Initially the objects shown were nearly always mundane, but from the mid-century the pronkstilleven ("ostentatious still-life"), showing expensive and exotic objects, became more popular. The early realist, tonal and classical phases of landscape painting had counterparts in still life painting. Willem Claeszoon Heda (1595–c. 1680) and Willem Kalf (1619–1693) led the change to the pronkstilleven, while Pieter Claesz (d. 1660) preferred to paint simpler "ontbijt" ("breakfast pieces"), or explicit vanitas pieces. In all these painters, colours are often very muted, with browns dominating, especially in the middle of the century. This is less true of the works of Jan Davidszoon de Heem (1606–1684), an important figure who spent much of his career based over the border in Antwerp. Here his displays began to sprawl sideways to form wide oblong pictures, unusual in the north, although Heda sometimes painted taller vertical compositions. Still life painters were especially prone to form dynasties, it seems: there were many de Heems and Bosschaerts, Heda's son continued in his father's style, and Claesz was the father of Nicholaes Berchem.

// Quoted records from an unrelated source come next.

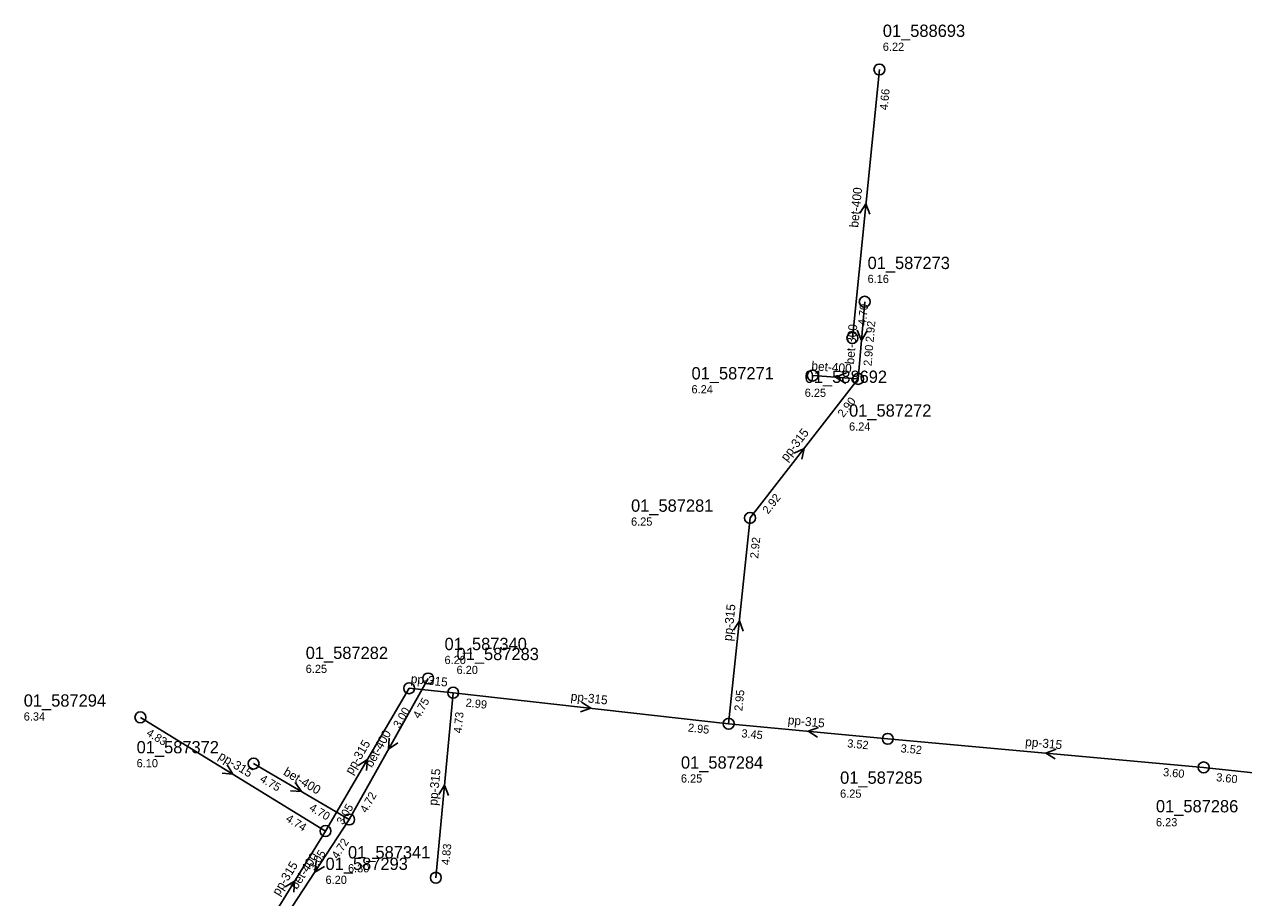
# Model space of a CAD drawing. Header units: metres. Extents: x 167557 to 168061, y 447957 to 448521.
# Tile 6 of 7: x 167706 to 167884, y 448393 to 448521. Entities that reach past the tile are written whole.
import ezdxf

# ---------------------------------------------------------------- set-up
doc = ezdxf.new("R2010")
doc.units = ezdxf.units.M

msp = doc.modelspace()

# ---------------------------------------------------------------- linework, layer by layer
at = {"layer": 'CON_BxH300x300mm', "linetype": 'Continuous'}
msp.add_lwpolyline([(167828.729, 448480.087), (167827.766, 448468.787)], dxfattribs=at)
at = {"layer": 'CON_BxH315x315mm', "linetype": 'Continuous'}
for points in [[(167811.941, 448448.464), (167827.766, 448468.787)], [(167808.816, 448418.339), (167811.941, 448448.464)], [(167749.807, 448402.641), (167762.053, 448423.535)], [(167762.053, 448423.535), (167768.488, 448422.88)], [(167765.964, 448395.798), (167768.488, 448422.88)], [(167768.488, 448422.88), (167808.816, 448418.339)], [(167722.714, 448419.27), (167749.807, 448402.641)], [(167832.115, 448416.128), (167808.816, 448418.339)], [(167878.337, 448411.945), (167832.115, 448416.128)], [(167915.291, 448407.997), (167878.337, 448411.945)], [(167740.772, 448387.995), (167749.807, 448402.641)]]:
    msp.add_lwpolyline(points, dxfattribs=at)
at = {"layer": 'CON_BxH400x400mm', "linetype": 'Continuous'}
for points in [[(167826.929, 448474.781), (167830.875, 448514.067)], [(167827.766, 448468.787), (167821.129, 448469.282)], [(167764.831, 448424.958), (167753.266, 448404.323)], [(167739.281, 448412.509), (167753.266, 448404.323)], [(167753.266, 448404.323), (167743.243, 448388.945)]]:
    msp.add_lwpolyline(points, dxfattribs=at)
at = {"layer": 'NOD_inspectieput'}
for centre in [(167830.88, 448514.07), (167828.73, 448480.09), (167826.93, 448474.78), (167827.77, 448468.79), (167811.94, 448448.46), (167764.83, 448424.96), (167762.05, 448423.53), (167768.49, 448422.88), (167722.71, 448419.27), (167808.82, 448418.34), (167832.11, 448416.13), (167739.28, 448412.51), (167878.34, 448411.95), (167753.27, 448404.32), (167749.81, 448402.64), (167765.96, 448395.8)]:
    msp.add_circle(centre, 0.8, dxfattribs=at)
at = {"layer": 'NOD_pompput'}
msp.add_circle((167821.13, 448469.28), 0.8, dxfattribs=at)
at = {"layer": 'PIJL'}
for points in [[(167828.04, 448493.06), (167828.9, 448494.42), (167829.47, 448492.92)], [(167827.65, 448475.93), (167828.25, 448474.44), (167829.09, 448475.81)], [(167826.06, 448469.7), (167824.45, 448469.03), (167825.95, 448468.14)], [(167818.4, 448457.93), (167819.85, 448458.63), (167819.54, 448457.05)], [(167809.51, 448432.04), (167810.38, 448433.4), (167810.95, 448431.89)], [(167787.3, 448421.49), (167788.65, 448420.61), (167787.14, 448420.06)], [(167821.97, 448417.81), (167820.47, 448417.23), (167821.83, 448416.38)], [(167759.12, 448416.25), (167759.05, 448414.64), (167760.38, 448415.54)], [(167754.58, 448412.21), (167755.93, 448413.09), (167755.82, 448411.48)], [(167856.73, 448414.62), (167855.23, 448414.04), (167856.6, 448413.19)], [(167735.41, 448412.32), (167736.26, 448410.96), (167734.66, 448411.1)], [(167745.39, 448409.76), (167746.27, 448408.42), (167744.67, 448408.52)], [(167766.38, 448407.97), (167767.23, 448409.34), (167767.81, 448407.84)], [(167748.44, 448398.23), (167748.25, 448396.63), (167749.64, 448397.45)], [(167743.92, 448394.47), (167745.29, 448395.32), (167745.15, 448393.71)]]:
    msp.add_lwpolyline(points, dxfattribs=at)

# ---------------------------------------------------------------- texts
at = {"layer": 'DMM_BxH300x300mm'}
msp.add_text('bet-300', height=1.3, rotation=85.13, dxfattribs=at).set_placement((167827.16, 448470.88))
at = {"layer": 'DMM_BxH315x315mm'}
for rotation, p in [(52.09, (167817.32, 448456.64)), (84.08, (167809.27, 448430.39)), (-5.81, (167762.24, 448424.31)), (-6.42, (167785.65, 448421.74)), (-5.42, (167817.43, 448418.28)), (59.63, (167753.69, 448410.8)), (-5.17, (167852.18, 448415.09)), (-31.54, (167734.02, 448413.26)), (84.68, (167766.15, 448406.32)), (58.33, (167742.99, 448393.07))]:
    msp.add_text('pp-315', height=1.3, rotation=rotation, dxfattribs=at).set_placement(p)
at = {"layer": 'DMM_BxH400x400mm'}
for rotation, p in [(84.26, (167827.77, 448490.89)), (-4.27, (167820.89, 448470.09)), (60.73, (167756.59, 448411.82)), (-30.34, (167743.53, 448410.92)), (56.9, (167745.61, 448393.99))]:
    msp.add_text('bet-400', height=1.3, rotation=rotation, dxfattribs=at).set_placement(p)
at = {"layer": 'INV_BxH300x300mm'}
for s, p in [('2.92', (167830.03, 448474.12)), ('2.90', (167829.73, 448470.63))]:
    msp.add_text(s, height=1.2, rotation=85.13, dxfattribs=at).set_placement(p)
at = {"layer": 'INV_BxH315x315mm'}
for s, rotation, p in [('2.90', 52.09, (167825.6, 448463.07)), ('2.92', 52.09, (167814.59, 448448.94)), ('2.92', 84.08, (167813.13, 448442.47)), ('2.99', -6.42, (167770.27, 448420.87)), ('2.95', 84.08, (167810.81, 448420.14)), ('3.00', 59.63, (167760.65, 448417.59)), ('4.73', 84.68, (167769.74, 448416.9)), ('2.95', -6.42, (167802.81, 448417.2)), ('4.83', -31.54, (167723.48, 448416.69)), ('3.45', -5.42, (167810.64, 448416.36)), ('3.52', -5.42, (167826.13, 448414.89)), ('3.52', -5.17, (167833.94, 448414.16)), ('3.60', -5.17, (167872.36, 448410.68)), ('3.60', -6.1, (167880.13, 448409.94)), ('3.05', 59.63, (167752.37, 448403.46)), ('4.74', -31.54, (167743.89, 448404.16)), ('4.83', 84.68, (167767.94, 448397.62)), ('3.05', 58.33, (167748.27, 448396.73))]:
    msp.add_text(s, height=1.2, rotation=rotation, dxfattribs=at).set_placement(p)
at = {"layer": 'INV_BxH400x400mm'}
for s, rotation, p in [('4.66', 84.26, (167832.08, 448508.08)), ('4.70', 84.26, (167828.92, 448476.59)), ('4.75', 60.73, (167763.55, 448418.98)), ('4.75', -30.34, (167740.1, 448409.95)), ('4.72', 60.73, (167755.81, 448405.19)), ('4.70', -30.34, (167747.32, 448405.72)), ('4.72', 56.9, (167751.59, 448398.45))]:
    msp.add_text(s, height=1.2, rotation=rotation, dxfattribs=at).set_placement(p)
at = {"layer": 'NLV_inspectieput'}
for s, p in [('6.22', (167831.38, 448516.8)), ('6.16', (167829.15, 448482.83)), ('6.25', (167819.95, 448466.17)), ('6.24', (167826.44, 448461.23)), ('6.25', (167794.53, 448447.32)), ('6.20', (167767.23, 448427.07)), ('6.25', (167746.91, 448425.77)), ('6.20', (167768.99, 448425.61)), ('6.34', (167705.64, 448418.8)), ('6.10', (167722.16, 448411.97)), ('6.25', (167801.83, 448409.73)), ('6.25', (167825.13, 448407.51)), ('6.23', (167871.36, 448403.33)), ('6.30', (167753.1, 448396.59)), ('6.20', (167749.81, 448394.9))]:
    msp.add_text(s, height=1.2, dxfattribs=at).set_placement(p)
at = {"layer": 'NLV_pompput'}
msp.add_text('6.24', height=1.2, dxfattribs=at).set_placement((167803.38, 448466.68))
at = {"layer": 'NNR_inspectieput'}
for s, p in [('01_588693', (167831.38, 448518.84)), ('01_587273', (167829.15, 448484.87)), ('01_588692', (167819.95, 448468.21)), ('01_587272', (167826.44, 448463.27)), ('01_587281', (167794.53, 448449.36)), ('01_587340', (167767.23, 448429.11)), ('01_587282', (167746.91, 448427.81)), ('01_587283', (167768.99, 448427.65)), ('01_587294', (167705.64, 448420.84)), ('01_587372', (167722.16, 448414.01)), ('01_587284', (167801.83, 448411.77)), ('01_587285', (167825.13, 448409.55)), ('01_587286', (167871.36, 448405.37)), ('01_587341', (167753.1, 448398.63)), ('01_587293', (167749.81, 448396.94))]:
    msp.add_text(s, height=1.8, dxfattribs=at).set_placement(p)
at = {"layer": 'NNR_pompput'}
msp.add_text('01_587271', height=1.8, dxfattribs=at).set_placement((167803.38, 448468.72))

doc.saveas('drawing.dxf')

Flower paintings formed a sub-group with its own specialists, and were occasionally the speciality of the few women artists, such as Maria van Oosterwyck and Rachel Ruysch; the Dutch also led the world in botanical and other scientific drawings, prints and book illustrations. Despite the intense realism of individual flowers, paintings were composed from individual studies or even book illustrations, and blooms from very different seasons were routinely included in the same composition, and the same flowers reappear in different works, just as pieces of tableware do. There was also a fundamental unreality in that bouquets of flowers in vases were not in fact at all common in houses at the time – even the very rich displayed flowers one by one in delftware tulip-holders.

Painters from Leiden, The Hague, and Amsterdam particularly excelled in the genre. Dead game, and birds painted live but studied from the dead, were another sub-genre, as were dead fish, a staple of the Dutch diet – Abraham van Beijeren did many of these. The Dutch were less given to the Flemish style of combining large still life elements with other types of painting – they would have been considered prideful in portraits – and the Flemish habit of specialist painters collaborating on the different elements in the same work. But this sometimes did happen – Philips Wouwerman was occasionally used to add men and horses to turn a landscape into a hunting or skirmish scene, Berchem or Adriaen van de Velde to add people or farm animals.